Klienci wyraźnie omijają fundusze mieszane, inwestujące trochę w akcje, trochę w obligacje. Powody? Przede wszystkim słabe wyniki i wysokie koszty.
W ciągu ostatnich trzech lat zaledwie 18 proc. funduszy zrównoważonych osiągnęło wyniki przewyższające benchmark, czyli specjalnie skonstruowany wskaźnik służący do porównań. W grupie funduszy stabilnego wzrostu odsetek ten wyniósł 28 proc.

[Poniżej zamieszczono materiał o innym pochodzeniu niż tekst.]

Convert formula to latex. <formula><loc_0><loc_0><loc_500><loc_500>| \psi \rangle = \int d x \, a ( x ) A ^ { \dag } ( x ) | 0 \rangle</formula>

Są to rezultaty gorsze niż przeciętne, obejmujące wszystkie rodzaje funduszy (akcji, obligacji, pieniężne i mieszane). Bo przeciętnie więcej niż jedna trzecia funduszy ma wyniki przekraczające wartość wzorca. Najlepiej pod tym względem wypadają fundusze pieniężne. Prawie 90 proc. z nich wypracowało rezultat lepszy od benchmarku.
Trudno się zatem dziwić, że inwestorzy nie chcą oszczędzać w funduszach zrównoważonych i stabilnego wzrostu. Tylko w ubiegłym roku wycofano z nich ponad 9,5 mld zł, podczas gdy wpłacono nieco ponad 6 mld zł. Bilans w tych grupach jest zdecydowanie gorszy niż w innych. W szczycie hossy w 2007 roku udział tego typu funduszy w rynku grubo przekraczał 50 proc. Dziś wynosi niespełna 13 proc.
Niskie stopy...
Archiwum Rzeczpospolitej to wygodna wyszukiwarka archiwalnych tekstów opublikowanych na łamach dziennika od 1993 roku. Unikalne źródło wiedzy o Polsce i świecie, wzbogacone o perspektywę ekonomiczną i prawną.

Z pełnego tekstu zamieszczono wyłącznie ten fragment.